__YOUR TASK__:
Your answer must be an exact copy of the records below, with every picture left out.

__DATA TO USE__:
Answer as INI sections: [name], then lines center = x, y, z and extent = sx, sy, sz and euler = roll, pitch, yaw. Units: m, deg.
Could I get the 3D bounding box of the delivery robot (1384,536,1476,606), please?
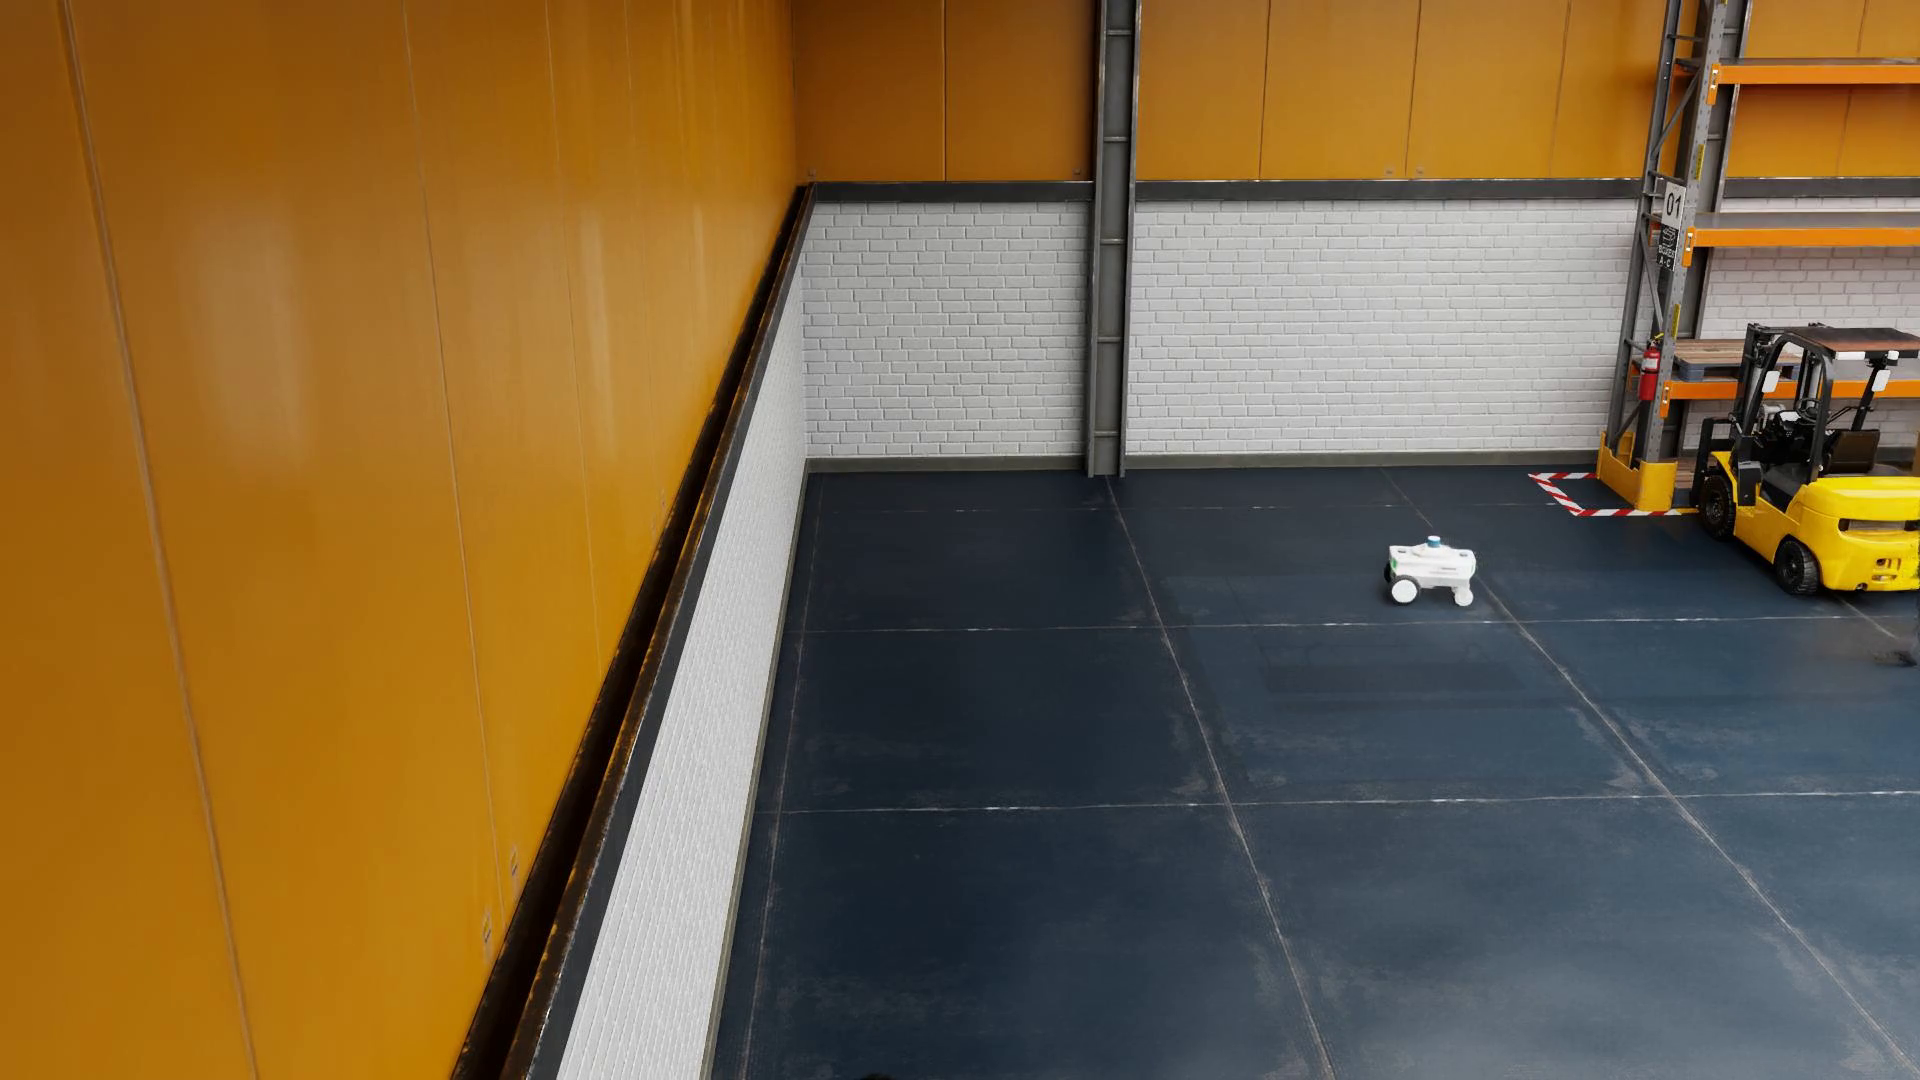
[delivery robot]
center = 4.070, 0.262, 14.431
extent = 0.795, 0.596, 0.499
euler = 3, 21, 9

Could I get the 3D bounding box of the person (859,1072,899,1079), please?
[person]
center = -0.280, 2.701, 6.169
extent = 0.319, 1.697, 0.532
euler = -6, 21, -17

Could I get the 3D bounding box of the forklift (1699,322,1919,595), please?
[forklift]
center = 7.809, -0.792, 14.926
extent = 1.214, 2.155, 2.313
euler = -1, 20, -2

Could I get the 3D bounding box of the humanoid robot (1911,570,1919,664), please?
[humanoid robot]
center = 7.714, 0.227, 12.901
extent = 0.460, 1.637, 0.592
euler = -14, 24, -33
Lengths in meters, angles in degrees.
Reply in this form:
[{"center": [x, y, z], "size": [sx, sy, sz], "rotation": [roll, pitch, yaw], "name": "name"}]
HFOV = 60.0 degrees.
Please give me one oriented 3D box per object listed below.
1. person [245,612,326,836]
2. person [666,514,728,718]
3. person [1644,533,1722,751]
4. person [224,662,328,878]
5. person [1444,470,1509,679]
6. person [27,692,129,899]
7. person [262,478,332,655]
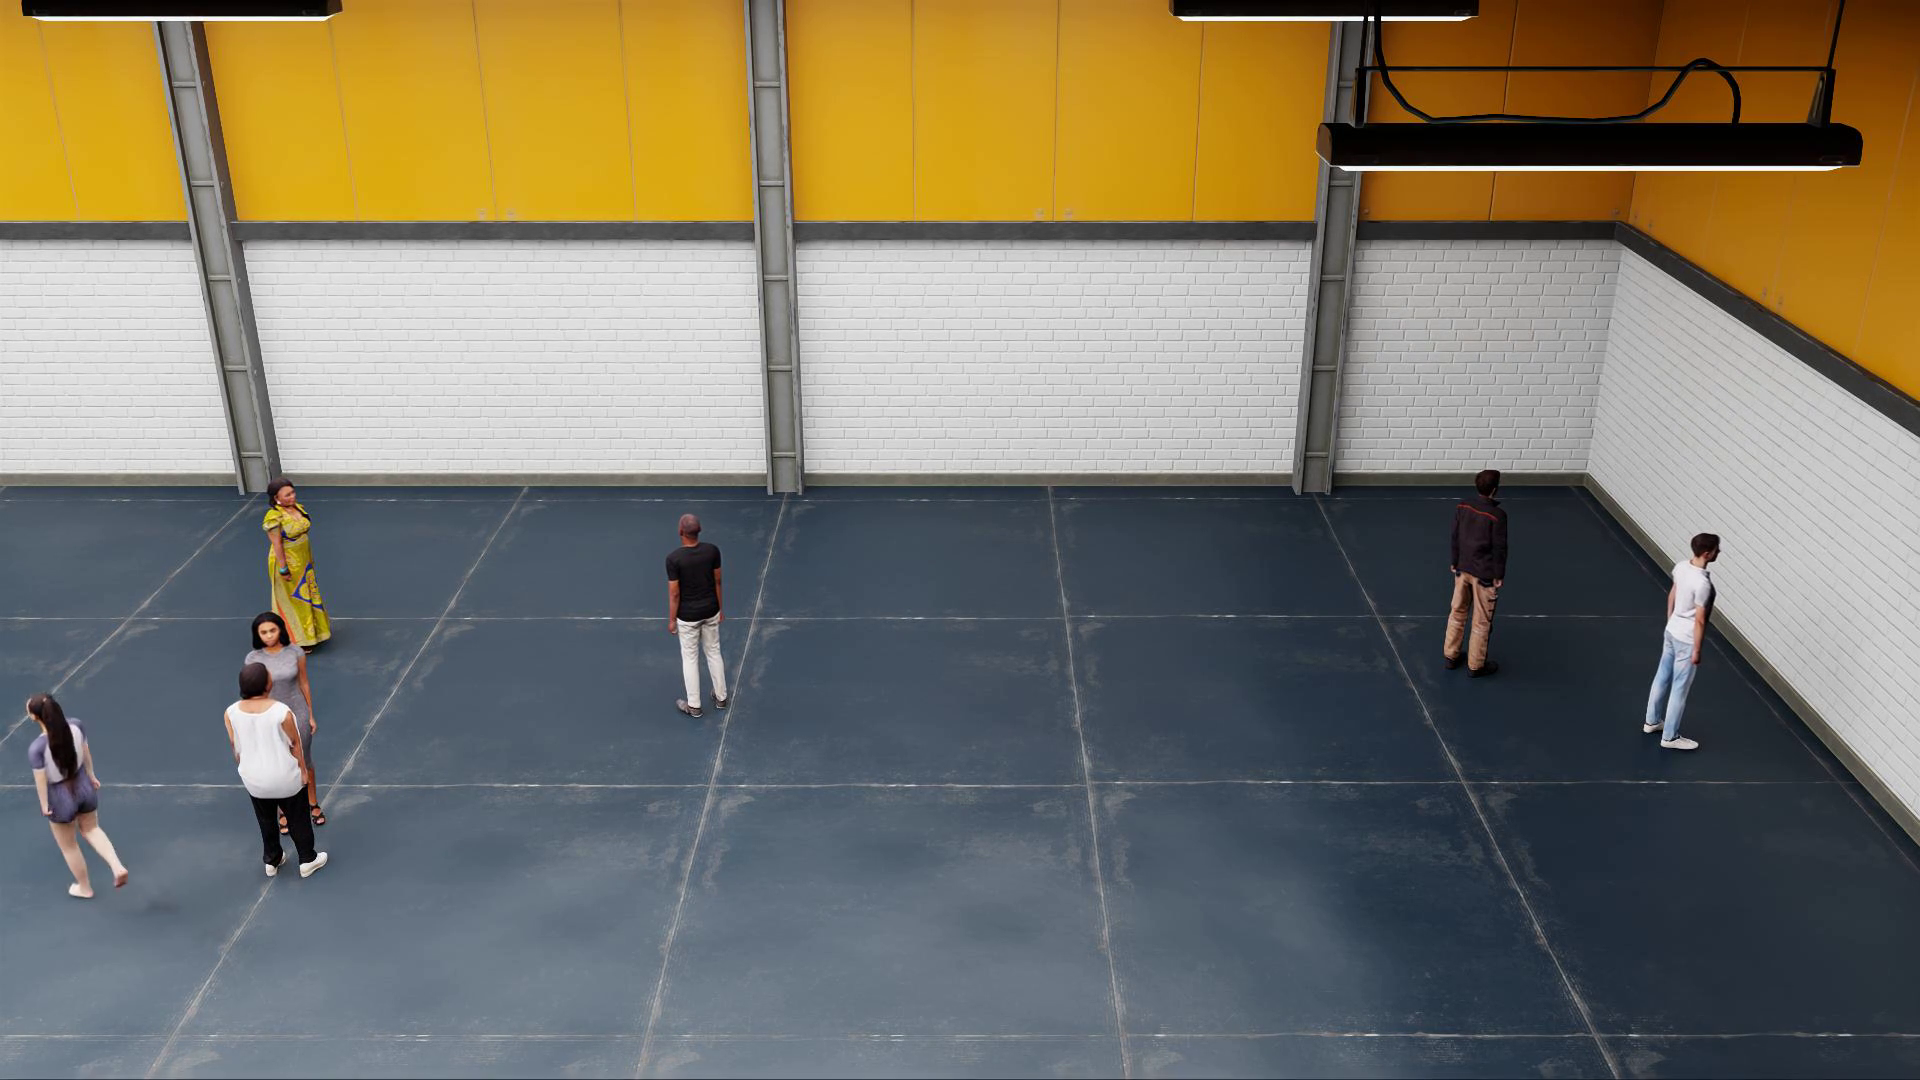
[{"center": [-5.026, 1.351, 12.377], "size": [0.612, 1.781, 0.722], "rotation": [-13, 27, -27], "name": "person"}, {"center": [-2.217, 0.627, 14.005], "size": [0.723, 1.804, 0.821], "rotation": [-16, 28, -32], "name": "person"}, {"center": [5.900, 0.797, 13.559], "size": [0.557, 1.850, 0.652], "rotation": [-1, 24, -3], "name": "person"}, {"center": [-4.893, 1.627, 11.862], "size": [0.559, 1.688, 0.732], "rotation": [2, 24, 5], "name": "person"}, {"center": [4.554, 0.280, 14.649], "size": [0.831, 1.925, 0.788], "rotation": [-19, 30, -37], "name": "person"}, {"center": [-6.100, 1.801, 11.532], "size": [0.851, 1.634, 0.762], "rotation": [11, 26, 23], "name": "person"}, {"center": [-6.080, 0.207, 15.146], "size": [0.800, 1.661, 0.878], "rotation": [3, 24, 6], "name": "person"}]

__EXERCISE SOLUTION__:
Answer as INI sections: [name], then lines center = x, y, z and extent = sx, sy, sz and euler = roll, pitch, yaw. Units: m, deg.
Could I get the 3D bounding box of the delivery robot (1384,536,1476,606), please?
[delivery robot]
center = 4.070, 0.262, 14.431
extent = 0.795, 0.596, 0.499
euler = 3, 21, 9

Could I get the 3D bounding box of the person (859,1072,899,1079), please?
[person]
center = -0.280, 2.701, 6.169
extent = 0.319, 1.697, 0.532
euler = -6, 21, -17

Could I get the 3D bounding box of the forklift (1699,322,1919,595), please?
[forklift]
center = 7.809, -0.792, 14.926
extent = 1.214, 2.155, 2.313
euler = -1, 20, -2

Could I get the 3D bounding box of the humanoid robot (1911,570,1919,664), please?
[humanoid robot]
center = 7.714, 0.227, 12.901
extent = 0.460, 1.637, 0.592
euler = -14, 24, -33
Lengths in meters, angles in degrees.
Reply in this form:
[{"center": [x, y, z], "size": [sx, sy, sz], "rotation": [roll, pitch, yaw], "name": "name"}]
HFOV = 60.0 degrees.
Please give me one oriented 3D box per object listed below.
1. person [245,612,326,836]
2. person [666,514,728,718]
3. person [1644,533,1722,751]
4. person [224,662,328,878]
5. person [1444,470,1509,679]
6. person [27,692,129,899]
7. person [262,478,332,655]
[{"center": [-5.026, 1.351, 12.377], "size": [0.612, 1.781, 0.722], "rotation": [-13, 27, -27], "name": "person"}, {"center": [-2.217, 0.627, 14.005], "size": [0.723, 1.804, 0.821], "rotation": [-16, 28, -32], "name": "person"}, {"center": [5.900, 0.797, 13.559], "size": [0.557, 1.850, 0.652], "rotation": [-1, 24, -3], "name": "person"}, {"center": [-4.893, 1.627, 11.862], "size": [0.559, 1.688, 0.732], "rotation": [2, 24, 5], "name": "person"}, {"center": [4.554, 0.280, 14.649], "size": [0.831, 1.925, 0.788], "rotation": [-19, 30, -37], "name": "person"}, {"center": [-6.100, 1.801, 11.532], "size": [0.851, 1.634, 0.762], "rotation": [11, 26, 23], "name": "person"}, {"center": [-6.080, 0.207, 15.146], "size": [0.800, 1.661, 0.878], "rotation": [3, 24, 6], "name": "person"}]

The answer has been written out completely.